The Union ships were still flying truce flags while firing, and Renshaw realized that continuing to fire would be against the laws of war, so he ordered the ships to cease fire. Both Renshaw and Cook believed that the other side's shots had represented deliberate hostile actions. Cook's messengers reached and boarded Westfield, and Renshaw demanded immediate surrender, and threatened a further attack if it was not agreed to. The Confederates declined and reminded that Renshaw would be responsible for any damage to private property or civilian fatalities in the case of an attack.
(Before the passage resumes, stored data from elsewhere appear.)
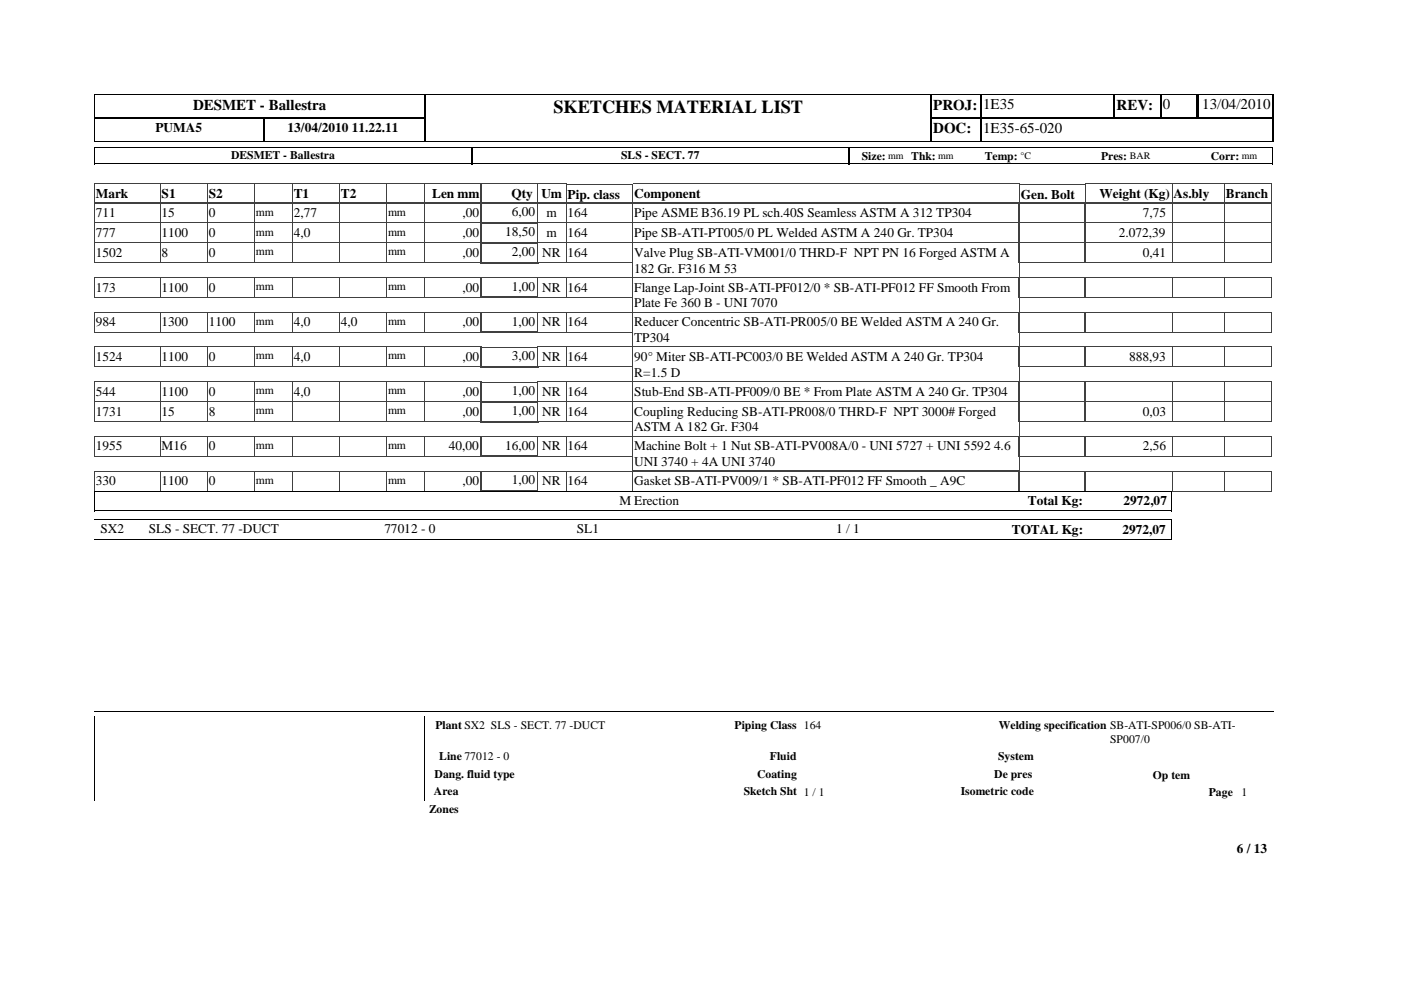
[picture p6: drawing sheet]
<svg xmlns="http://www.w3.org/2000/svg" width="297mm" height="210mm" viewBox="0 0 297 210" stroke-linecap="round" stroke-linejoin="round" font-family="sans-serif">
<defs><g id="words">
<text font-size="3.9" x="117.3" y="23.9">SKETCHES MATERIAL LIST</text>
<g font-size="3.2">
<text x="40.9" y="23.2">DESMET - Ballestra</text>
<text x="197.9" y="23.2">PROJ:</text>
<text x="208.4" y="23.2">1E35</text>
<text x="236.7" y="23.2">REV:</text>
<text x="246.5" y="23.2">0</text>
<text x="254.9" y="23.2">13/04/2010</text>
<text x="197.9" y="28.3">DOC:</text>
<text x="208.4" y="28.2">1E35-65-020</text>
</g>
<g font-size="2.8">
<text x="33" y="27.9">PUMA5</text>
<text x="61" y="27.9">13/04/2010 11.22.11</text>
<text x="20.3" y="42.1">Mark</text>
<text x="20.3" y="46">711</text>
<text x="34.3" y="46">15</text>
<text x="34.3" y="42.1">S1</text>
<text x="44.3" y="42.1">S2</text>
<text x="44.3" y="46">0</text>
<text x="62.3" y="42.1">T1</text>
<text x="62.3" y="46">2,77</text>
<text x="72.3" y="42.1">T2</text>
<text x="91.6" y="42.1">Len mm</text>
<text x="98.1" y="46">,00</text>
<text x="108.5" y="42.1">Qty</text>
<text x="108.5" y="45.8">6,00</text>
<text x="114.8" y="42.1">Um</text>
<text x="115.8" y="46">m</text>
<text x="120.4" y="42.1">Pip. class</text>
<text x="120.4" y="46">164</text>
<text x="134.5" y="42.1">Component</text>
<text x="134.5" y="46">Pipe ASME B36.19 PL sch.40S Seamless ASTM A 312 TP304</text>
<text x="216.5" y="42.1">Gen. Bolt</text>
<text x="233.1" y="42.1">Weight (Kg)</text>
<text x="242.3" y="46">7,75</text>
<text x="248.8" y="42.1">As.bly</text>
<text x="259.9" y="42.1">Branch</text>
<text x="20.3" y="50.3">777</text>
<text x="34.3" y="50.3">1100</text>
<text x="44.3" y="50.3">0</text>
<text x="62.3" y="50.3">4,0</text>
<text x="98.1" y="50.3">,00</text>
<text x="107.1" y="50.1">18,50</text>
<text x="115.8" y="50.3">m</text>
<text x="120.4" y="50.3">164</text>
<text x="134.5" y="50.3">Pipe SB-ATI-PT005/0 PL Welded ASTM A 240 Gr. TP304</text>
<text x="237.2" y="50.3">2.072,39</text>
<text x="20.3" y="54.5">1502</text>
<text x="34.3" y="54.5">8</text>
<text x="44.3" y="54.5">0</text>
<text x="98.1" y="54.5">,00</text>
<text x="108.5" y="54.3">2,00</text>
<text x="115" y="54.5">NR</text>
<text x="120.4" y="54.5">164</text>
<text x="134.5" y="54.5">Valve Plug SB-ATI-VM001/0 THRD-F NPT PN 16 Forged ASTM A</text>
<text x="134.5" y="57.8">182 Gr. F316 M 53</text>
<text x="242.3" y="54.5">0,41</text>
<text x="20.3" y="61.8">173</text>
<text x="34.3" y="61.8">1100</text>
<text x="44.3" y="61.8">0</text>
<text x="98.1" y="61.8">,00</text>
<text x="108.5" y="61.7">1,00</text>
<text x="115" y="61.8">NR</text>
<text x="120.4" y="61.8">164</text>
<text x="134.5" y="61.8">Flange Lap-Joint SB-ATI-PF012/0 * SB-ATI-PF012 FF Smooth From</text>
<text x="134.5" y="65.2">Plate Fe 360 B - UNI 7070</text>
<text x="20.3" y="69.2">984</text>
<text x="34.3" y="69.2">1300</text>
<text x="44.3" y="69.2">1100</text>
<text x="62.3" y="69.2">4,0</text>
<text x="72.3" y="69.2">4,0</text>
<text x="98.1" y="69.2">,00</text>
<text x="108.5" y="69">1,00</text>
<text x="115" y="69.2">NR</text>
<text x="120.4" y="69.2">164</text>
<text x="134.5" y="69.2">Reducer Concentric SB-ATI-PR005/0 BE Welded ASTM A 240 Gr.</text>
<text x="20.3" y="76.6">1524</text>
<text x="34.3" y="76.6">1100</text>
<text x="44.3" y="76.6">0</text>
<text x="62.3" y="76.6">4,0</text>
<text x="98.1" y="76.6">,00</text>
<text x="108.5" y="76.4">3,00</text>
<text x="115" y="76.6">NR</text>
<text x="120.4" y="76.6">164</text>
<text x="134.5" y="72.5">TP304</text>
<text x="134.5" y="76.6">90° Miter SB-ATI-PC003/0 BE Welded ASTM A 240 Gr. TP304</text>
<text x="239.4" y="76.6">888,93</text>
<text x="20.3" y="83.9">544</text>
<text x="34.3" y="83.9">1100</text>
<text x="44.3" y="83.9">0</text>
<text x="62.3" y="83.9">4,0</text>
<text x="98.1" y="83.9">,00</text>
<text x="108.5" y="83.7">1,00</text>
<text x="115" y="83.9">NR</text>
<text x="120.4" y="83.9">164</text>
<text x="134.5" y="79.9">R=1.5 D</text>
<text x="134.5" y="83.9">Stub-End SB-ATI-PF009/0 BE * From Plate ASTM A 240 Gr. TP304</text>
<text x="20.3" y="88.2">1731</text>
<text x="34.3" y="88.2">15</text>
<text x="44.3" y="88.2">8</text>
<text x="98.1" y="88.2">,00</text>
<text x="108.5" y="88">1,00</text>
<text x="115" y="88.2">NR</text>
<text x="120.4" y="88.2">164</text>
<text x="134.5" y="88.2">Coupling Reducing SB-ATI-PR008/0 THRD-F NPT 3000# Forged</text>
<text x="242.3" y="88.2">0,03</text>
<text x="20.3" y="95.5">1955</text>
<text x="34.3" y="95.5">M16</text>
<text x="44.3" y="95.5">0</text>
<text x="95.2" y="95.5">40,00</text>
<text x="107.1" y="95.3">16,00</text>
<text x="115" y="95.5">NR</text>
<text x="120.4" y="95.5">164</text>
<text x="134.5" y="91.5">ASTM A 182 Gr. F304</text>
<text x="134.5" y="95.5">Machine Bolt + 1 Nut SB-ATI-PV008A/0 - UNI 5727 + UNI 5592 4.6</text>
<text x="242.3" y="95.5">2,56</text>
<text x="134.5" y="98.8">UNI 3740 + 4A UNI 3740</text>
<text x="20.3" y="102.9">330</text>
<text x="34.3" y="102.9">1100</text>
<text x="44.3" y="102.9">0</text>
<text x="98.1" y="102.9">,00</text>
<text x="108.5" y="102.7">1,00</text>
<text x="115" y="102.9">NR</text>
<text x="120.4" y="102.9">164</text>
<text x="131.3" y="107.1">M Erection</text>
<text x="134.5" y="102.9">Gasket SB-ATI-PV009/1 * SB-ATI-PF012 FF Smooth _ A9C</text>
<text x="217.9" y="107.2">Total Kg:</text>
<text x="238.2" y="107.2">2972,07</text>
<text x="21.3" y="113.1">SX2</text>
<text x="31.6" y="113.1">SLS - SECT. 77 -DUCT</text>
<text x="81.5" y="113.1">77012 - 0</text>
<text x="122.3" y="113.1">SL1</text>
<text x="177.3" y="113.1">1 / 1</text>
<text x="214.5" y="113.2">TOTAL Kg:</text>
<text x="238" y="113.2">2972,07</text>
<text x="262.3" y="180.8">6 / 13</text>
</g>
<g font-size="2.5">
<text x="49" y="33.7">DESMET - Ballestra</text>
<text x="131.7" y="33.7">SLS - SECT. 77</text>
<text x="182.7" y="33.8">Size:</text>
<text x="193.2" y="33.8">Thk:</text>
<text x="208.8" y="33.8">Temp:</text>
<text x="233.5" y="33.8">Pres:</text>
<text x="256.7" y="33.8">Corr:</text>
<text x="54.3" y="45.7">mm</text>
<text x="82.3" y="45.7">mm</text>
<text x="54.3" y="49.9">mm</text>
<text x="82.3" y="49.9">mm</text>
<text x="54.3" y="54.2">mm</text>
<text x="82.3" y="54.2">mm</text>
<text x="54.3" y="61.5">mm</text>
<text x="82.3" y="61.5">mm</text>
<text x="54.3" y="68.9">mm</text>
<text x="82.3" y="68.9">mm</text>
<text x="54.3" y="76.2">mm</text>
<text x="82.3" y="76.2">mm</text>
<text x="54.3" y="83.6">mm</text>
<text x="82.3" y="83.6">mm</text>
<text x="54.3" y="87.8">mm</text>
<text x="82.3" y="87.8">mm</text>
<text x="54.3" y="95.2">mm</text>
<text x="82.3" y="95.2">mm</text>
<text x="54.3" y="102.5">mm</text>
<text x="82.3" y="102.5">mm</text>
<text x="92.3" y="154.6">Plant SX2 SLS - SECT. 77 -DUCT</text>
<text x="155.7" y="154.6">Piping Class 164</text>
<text x="211.8" y="154.6">Welding specification SB-ATI-SP006/0 SB-ATI-</text>
<text x="93.1" y="161.2">Line 77012 - 0</text>
<text x="163.2" y="161.2">Fluid</text>
<text x="211.6" y="161.2">System</text>
<text x="235.4" y="157.5">SP007/0</text>
<text x="92.2" y="164.9">Dang. fluid type</text>
<text x="160.5" y="164.9">Coating</text>
<text x="210.8" y="164.9">De pres</text>
<text x="244.5" y="165.1">Op tem</text>
<text x="91" y="172.3">Zones</text>
<text x="92" y="168.6">Area</text>
<text x="157.7" y="168.6">Sketch Sht 1 / 1</text>
<text x="203.7" y="168.6">Isometric code</text>
<text x="256.3" y="168.8">Page</text>
<text x="263.2" y="168.7">1</text>
</g>
<g font-size="2.1">
<text x="188.3" y="33.7">mm</text>
<text x="198.9" y="33.7">mm</text>
<text x="216.4" y="33.7">°C</text>
<text x="239.6" y="33.7">BAR</text>
<text x="263.3" y="33.7">mm</text>
</g>
</g></defs>
<g fill="none" stroke="#404040" stroke-width=".21">
<path d="M20 39h70M20 39v4M34 39v4M43.9 39v4M54 39v4M62 39v4M72 39v4M82 39v4M90 39v4M101.9 39h12.2v4h-12.2zM134.2 39h81.9v4h-81.9M134.2 39v4h-14.2v-3.9h14.2"/>
<path d="M248.5 39h21.2v4h-21.2zM259.6 39v4M20 43h70"/>
</g>
<path d="M113.9 39h6.1v4h-6.1z" fill="#fff"/>
<path d="M90 39h12v4h-12zM113.9 39h6.2l-.1 4h-6.1zM216.2 39.1h13.9v3.9h-13.9zM248.5 39v4M248.5 39h-18.5v4h18.5" fill="none" stroke="#404040" stroke-width=".21"/>
<path d="M20 31.2h249.9M20 34.7h249.9M20 30h70.3M20 20.1h70.3M20.1 20v10.1M20.1 31.1v3.7M197.2 30h72.9M197.2 20.1h72.9M269.9 31.1v3.7" fill="none" stroke="#000" stroke-width=".21"/>
<path d="M20 25h70.3M55.9 24.9v5.2M90.1 20v5.2M100 31.1v3.7M180 31.1v3.7M197.2 25h72.9M197.4 20v10.1M208 20v10.1M246 20v5.2M254 20v5.2" fill="none" stroke="#000" stroke-width=".36"/>
<path d="M20 25.1h70.3M90.1 24.9v5.2M236.3 20v5.2M253.8 20v5.2" fill="none" stroke="#000" stroke-width=".34"/>
<path d="M269.9 20v10.1" fill="none" stroke="#000" stroke-width=".25"/>
<path d="M90.3 20.2h107v9.7h-107z" fill="#fff"/>
<path d="M89.9 20.1h107.8M89.9 30h107.8" fill="none" stroke="#000" stroke-width=".21"/>
<path d="M197.5 20v10.1" fill="none" stroke="#000" stroke-width=".36"/>
<path d="M90.1 20v10.1" fill="none" stroke="#000" stroke-width=".34"/>
<g fill="none" stroke="#404040" stroke-width=".21">
<path d="M20 43h82v4.3h-82M20 43v4.3M34 43v4.3M43.9 43v4.3M54 43v4.3M62 43v4.3M72 43v4.3M82 43v4.3M90 43v4.3M101.8 43.1h12.5M101.8 47.2h12.5M120 43h96.1v4.3h-96.1z"/>
<path d="M134.2 43v4.3M230 43h39.7v4.3h-39.7zM248.5 43v4.3M259.6 43v4.3"/>
</g>
<path d="M102 43v4.3M114.1 43v4.3" fill="none" stroke="#404040" stroke-width=".36"/>
<path d="M113.9 43.1h6.1v4.2h-6.1z" fill="#fff"/>
<g fill="none" stroke="#404040" stroke-width=".21">
<path d="M20 47.3h82v4.2h-82M20 47.3v4.2M34 47.3v4.2M43.9 47.3v4.2M54 47.3v4.2M62 47.3v4.2M72 47.3v4.2M82 47.3v4.2M90 47.3v4.2M101.8 47.3h12.5M101.8 51.4h12.5M134.2 47.3v4.2"/>
<path d="M216.1 47.3v4.2h-96.1l.1-8.5h-6.2v4.3h116.1l-.1-4.3h-13.9v4.3M230 47.3h39.7v4.2h-39.7zM248.5 47.3v4.2M259.6 47.3v4.2"/>
</g>
<path d="M102 47.3v4.2M114.1 47.3v4.2" fill="none" stroke="#404040" stroke-width=".36"/>
<path d="M113.9 47.3h6.1v4.2h-6.1z" fill="#fff"/>
<g fill="none" stroke="#404040" stroke-width=".21">
<path d="M20 51.5h82v4.3l-82-.1M20 51.5v4.3M34 51.5v4.3M43.9 51.5v4.3M54 51.5v4.3M62 51.5v4.3M72 51.5v4.3M82 51.5v4.3M90 51.5v4.3M101.8 51.6h12.5M134.2 51.5v7.3M216 51.5v-4.2h13.9l.1 4.2h-116.1v-4.2h6.2l-.1 8.5 14.2-.1"/>
<path d="M216.1 51.5v7.3M230 51.5h39.7v4.3l-39.7-.1zM248.5 51.5v4.3M259.6 51.5v4.3"/>
</g>
<path d="M102 51.5v4.4M114.1 51.5v4.4" fill="none" stroke="#404040" stroke-width=".36"/>
<path d="M101.8 55.7h12.5" fill="none" stroke="#404040" stroke-width=".34"/>
<path d="M113.9 51.5h6.1v4.2h-6.1z" fill="#fff"/>
<g fill="none" stroke="#404040" stroke-width=".21">
<path d="M20 58.9h82v4.2h-82M20 58.8v4.3M34 58.8v4.3M43.9 58.8v4.3M54 58.8v4.3M62 58.8v4.3M72 58.8v4.3M82 58.8v4.3M90 58.8v4.3M101.8 58.9h12.5M113.9 51.5h6.2l-.1 4.3-6.1-.1zM134.2 58.8v7.4"/>
<path d="M216 51.5h14l-.1 4.3-13.9-.1zM230 58.9h39.7v4.2h-39.7zM248.5 58.8v4.3M259.6 58.8v4.3M134.2 63.1h-14.2v-4.3l96.1 .1v7.3h-81.9"/>
</g>
<path d="M102 58.8v4.4M114.1 58.8v4.4" fill="none" stroke="#404040" stroke-width=".36"/>
<path d="M101.8 63.1h12.5" fill="none" stroke="#404040" stroke-width=".34"/>
<path d="M113.9 58.9h6.1v4.2h-6.1z" fill="#fff"/>
<g fill="none" stroke="#404040" stroke-width=".21">
<path d="M113.9 58.9h6.2l-.1 4.2h-6.1zM216 58.9h14l-.1 4.2h-13.9zM20 66.2h82v4.3h-82M20 66.2v4.3M34 66.2v4.3M43.9 66.2v4.3M54 66.2v4.3M62 66.2v4.3M72 66.2v4.3M82 66.2v4.3M90 66.2v4.3M101.8 66.3h12.5"/>
<path d="M134.2 66.2v7.4M134.2 70.5h-14.2v-4.3h96.1v7.4M230 66.2h39.7v4.3h-39.7zM248.5 66.2v4.3M259.6 66.2v4.3"/>
</g>
<path d="M102 66.2v4.4M114.1 66.2v4.4" fill="none" stroke="#404040" stroke-width=".36"/>
<path d="M101.8 70.4h12.5" fill="none" stroke="#404040" stroke-width=".34"/>
<path d="M113.9 66.2h6.1v4.2h-6.1z" fill="#fff"/>
<g fill="none" stroke="#404040" stroke-width=".21">
<path d="M20 73.6h82v4.2h-82M20 73.6v4.2M34 73.6v4.2M43.9 73.6v4.2M54 73.6v4.2M62 73.6v4.2M72 73.6v4.2M82 73.6v4.2M90 73.6v4.2M101.8 73.6h12.5M113.9 66.2h6.2l-.1 4.3h-6.1zM134.2 73.6v7.3"/>
<path d="M134.2 77.8h-14.2v-4.2h96.1v7.3M216 66.2h14l-.1 4.3h-13.9zM230 73.6h39.7v4.2h-39.7zM248.5 73.6v4.2M259.6 73.6v4.2M134.2 80.9h81.9"/>
</g>
<path d="M102 73.6v4.4M114.1 73.6v4.4" fill="none" stroke="#404040" stroke-width=".36"/>
<path d="M101.8 77.8h12.5" fill="none" stroke="#404040" stroke-width=".34"/>
<path d="M113.9 73.6h6.1v4.2h-6.1z" fill="#fff"/>
<g fill="none" stroke="#404040" stroke-width=".21">
<path d="M113.9 73.6h6.2l-.1 4.2h-6.1zM216 73.6h14l-.1 4.2h-13.9zM20 80.9h82v4.3h-82M20 80.9v4.3M34 80.9v4.3M43.9 80.9v4.3M54 80.9v4.3M62 80.9v4.3M72 80.9v4.3M82 80.9v4.3M90 80.9v4.3M101.8 81h12.5"/>
<path d="M101.8 85.1h12.5M120 80.9h96.1v4.3h-96.1zM134.2 80.9v4.3M230 80.9h39.7v4.3h-39.7zM248.5 80.9v4.3M259.6 80.9v4.3"/>
</g>
<path d="M102 80.9v4.3M114.1 80.9v4.3" fill="none" stroke="#404040" stroke-width=".36"/>
<path d="M113.9 80.9h6.1v4.3h-6.1z" fill="#fff"/>
<g fill="none" stroke="#404040" stroke-width=".21">
<path d="M20 85.2h82v4.2h-82M20 85.2v4.2M34 85.2v4.2M43.9 85.2v4.2M54 85.2v4.2M62 85.2v4.2M72 85.2v4.2M82 85.2v4.2M90 85.2v4.2M101.8 85.2h12.5M134.2 85.2v7.3M216 85.2v-4.3h13.9l.1 4.3h-116.1v-4.3h6.2l-.1 8.5h14.2"/>
<path d="M216.1 85.2v7.3M230 85.2h39.7v4.2h-39.7zM248.5 85.2v4.2M259.6 85.2v4.2"/>
</g>
<path d="M102 85.2v4.4M114.1 85.2v4.4" fill="none" stroke="#404040" stroke-width=".36"/>
<path d="M101.8 89.4h12.5" fill="none" stroke="#404040" stroke-width=".34"/>
<path d="M113.9 85.2h6.1v4.2h-6.1z" fill="#fff"/>
<g fill="none" stroke="#404040" stroke-width=".21">
<path d="M20 92.5h82v4.3l-82-.1M20 92.5v4.3M34 92.5v4.3M43.9 92.5v4.3M54 92.5v4.3M62 92.5v4.3M72 92.5v4.3M82 92.5v4.3M90 92.5v4.3M101.8 92.6h12.5M113.9 85.2h6.2l-.1 4.2h-6.1zM134.2 92.5v7.4"/>
<path d="M134.2 96.7l-14.2 .1v-4.3h96.1v7.4h-81.9M216 85.2h14l-.1 4.2h-13.9zM230 92.5h39.7v4.3l-39.7-.1zM248.5 92.5v4.3M259.6 92.5v4.3"/>
</g>
<path d="M102 92.5v4.4M114.1 92.5v4.4" fill="none" stroke="#404040" stroke-width=".36"/>
<path d="M101.8 96.7h12.5" fill="none" stroke="#404040" stroke-width=".34"/>
<path d="M113.9 92.5h6.1v4.2h-6.1z" fill="#fff"/>
<g fill="none" stroke="#404040" stroke-width=".21">
<path d="M20 99.9h82v4.2h-82M20 99.9v4.2M34 99.9v4.2M43.9 99.9v4.2M54 99.9v4.2M62 99.9v4.2M72 99.9v4.2M82 99.9v4.2M90 99.9v4.2M101.8 99.9h12.5M113.9 92.5h6.2l-.1 4.3-6.1-.1zM120 99.9h96.1v4.2h-96.1z"/>
<path d="M134.2 99.9v4.2M216 92.5h14l-.1 4.3-13.9-.1zM230 99.9h39.7v4.2h-39.7zM248.5 99.9v4.2M259.6 99.9v4.2M101.8 104h12.5"/>
</g>
<path d="M102 99.9v4.2M114.1 99.9v4.2" fill="none" stroke="#404040" stroke-width=".36"/>
<path d="M113.9 99.9h6.1v4.2h-6.1z" fill="#fff"/>
<path d="M113.9 99.9h6.2l-.1 4.2h-6.1zM216 99.9h14l-.1 4.2h-13.9z" fill="none" stroke="#404040" stroke-width=".21"/>
<path d="M20 104.1h228.3v4.3l-228.3-.1M20 104.1v4.3" fill="none" stroke="#000" stroke-width=".21"/>
<path d="M189 110.1h23.8v4.2h-23.8z" fill="#fff"/>
<path d="M20 110.1h228.3v4.2h-228.3M20 150.9h250" fill="none" stroke="#000" stroke-width=".21"/>
<path d="M20 151.9h70v18h-70z" fill="#fff"/>
<path d="M20 151.9v18M90.1 151.9v18" fill="none" stroke="#000" stroke-width=".21"/>
<use href="#words"/>
</svg>

The two sides formed a verbal agreement for a four-day truce. The terms were that the Union vessels would not get any closer to Galveston, and that the Confederates would not work on new or existing fortifications. The verbal truce was interpreted differently: Renshaw thought that it guaranteed the military status quo would remain, while Cook thought he had the option of evacuating Galveston. As a result, the Confederates used the truce to evacuate supplies and cannons from the city. Renshaw thought that the Confederates were purposefully violating the terms of the truce, but after contacting Cook and hearing his explanation, accepted the removal of the material; it was of low value and Renshaw believed he could not prevent the Confederates from removing the cannons anyway.

After the truce ended, Renshaw ordered three signal shots fired, and the mayor and city council of Galveston traveled to Westfield and surrendered the city. A detachment of 150 men led by the commander of Harriet Lane raised the United States flag over the city, as there were no longer any Confederate defenders there. The only cannon the Confederates had left behind was the one disabled during the October 4 bombardment; several fake cannons known as Quaker guns were left in the abandoned defenses. The National Park Service states that there were no casualties incurred during the action, while the Civil War Battlefield Guide states that casualties are unknown.

==Aftermath==

Shortly after Galveston fell, the Union navy was able to gain control of the waters outside of Corpus Christi and Sabine City, leading to Union control of most of the Texas coastline. Lack of cooperation from Major General Benjamin F. Butler resulted in difficulties in getting Union infantry to hold Galveston. Two minor incidents in November also resulted in the capture of small detachments from Henry Janes and Owasco. An infantry garrison finally arrived on December 25 in the form of 264 men from the 42nd Massachusetts Infantry Regiment. On January 1, 1863, a Confederate force under Magruder attacked Galveston and defeated the Union forces defending it in the Battle of Galveston. Renshaw was killed by an explosion while scuttling Westfield, and Harriet Lane was captured; the Confederates regained control of Galveston.

==Preservation==
A 2010 report by the American Battlefield Protection Program noted that the site of the battle is not considered a protected area subject to preservation and that the landscape has changed significantly since the battle.

==Sources==
- Barr, Alwyn (1961). "Texas Coastal Defense, 18611865"
- Cumberland, Charles C. (1947). "The Confederate Loss and Recapture of Galveston, 18621863"
- Frazier, Donald S. (1995). "Sibley's Texans and the Battle of Galveston"
- Howell, Kenneth Wayne (2009). "The Seventh Star of the Confederacy: Texas During the Civil War"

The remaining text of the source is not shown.